Global stability of a delayed SARS-CoV-2 reactivation model with logistic growth, antibody immunity and general incidence rate

Abstract

Mathematical models have been considered as a robust tool to support biological and medical studies of the coronavirus disease 2019 (COVID-19). This new disease is caused by the severe acute respiratory syndrome coronavirus 2 (SARS-CoV-2).
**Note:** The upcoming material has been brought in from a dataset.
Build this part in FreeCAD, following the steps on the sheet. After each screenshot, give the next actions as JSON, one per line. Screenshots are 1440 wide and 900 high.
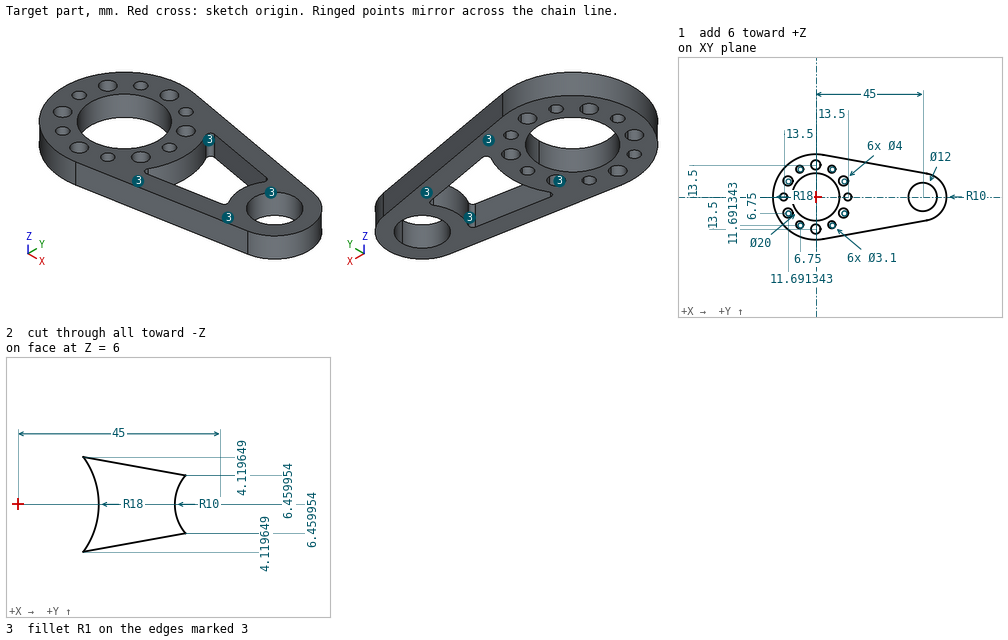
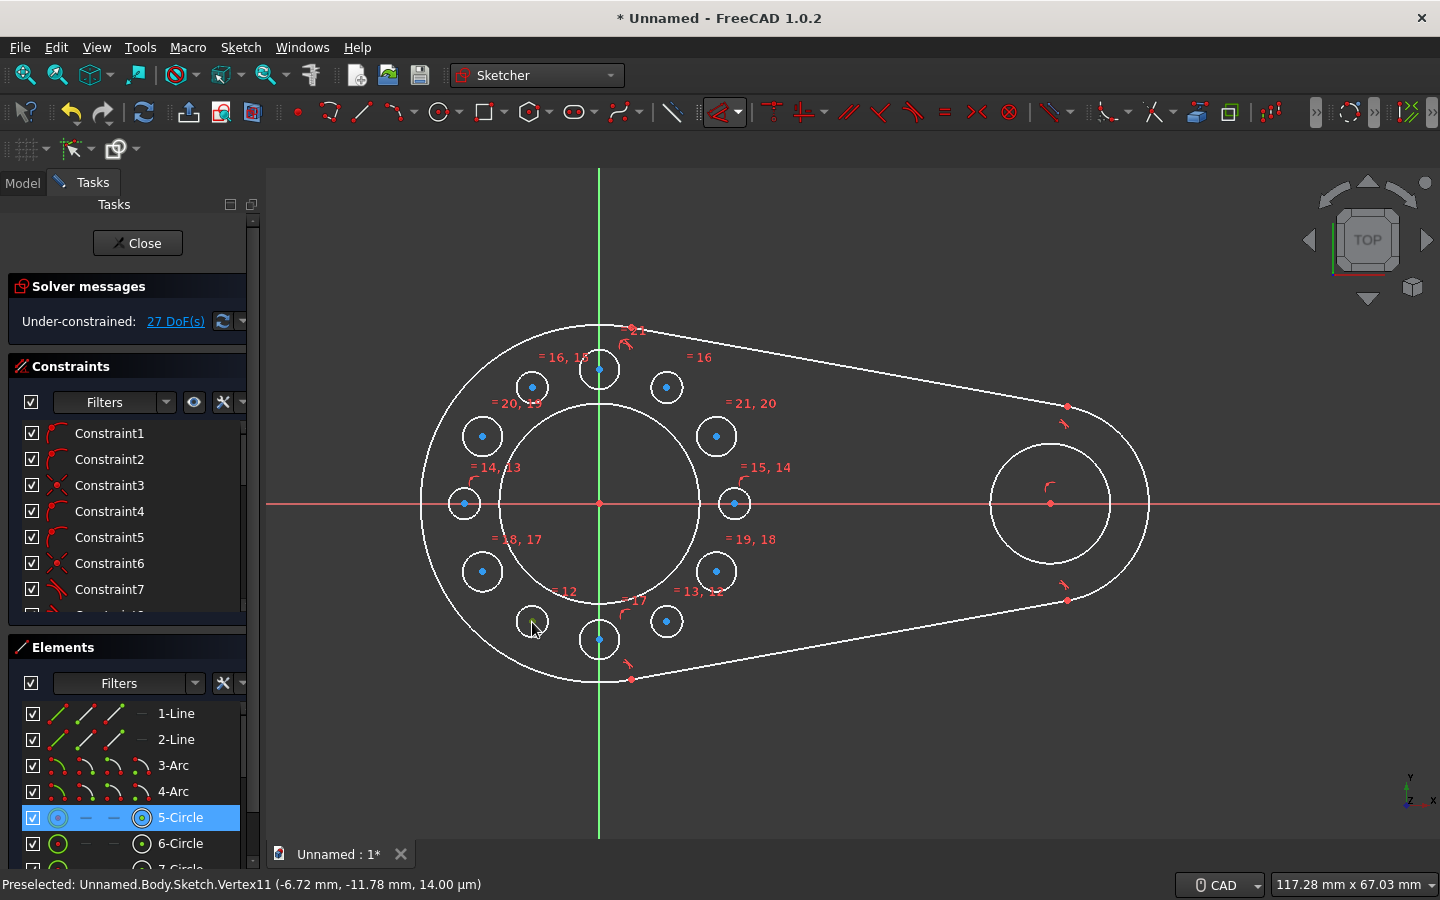
{"action": "left_click", "coordinate": [667, 622]}

This paper develop a within-host SARS-CoV-2 dynamics model with logistic growth for healthy epithelial cells, humoral (antibody) immune response and general SARS-CoV-2-target incidence rate. The model is incorporated with four mixed (distributed/discrete) time delays, delay in the formation of latent infected epithelial cells, delay in the formation of active infected epithelial cells, delay in the activation of latent infected epithelial cells, and maturation delay of new SARS-CoV-2 particles. The model is formulated as a system of delay differential equations (DDEs). We establish that the model’s solutions are non-negative and ultimately bounded. We deduce that the model has three equilibria and their existence and stability are perfectly determined by two threshold parameters. We prove the global stability of the model’s equilibria by utilizing the Lyapunov method and applying the LaSalle’s invariance principle. To support and illustrate our theoretical findings we present numerical simulations for the model with a special form of the general incidence rate function. The effect of time delays on the SARS-CoV-2 dynamics is addressed. We observe that increasing time delays values can have the same impact as drug therapies in suppressing viral progression.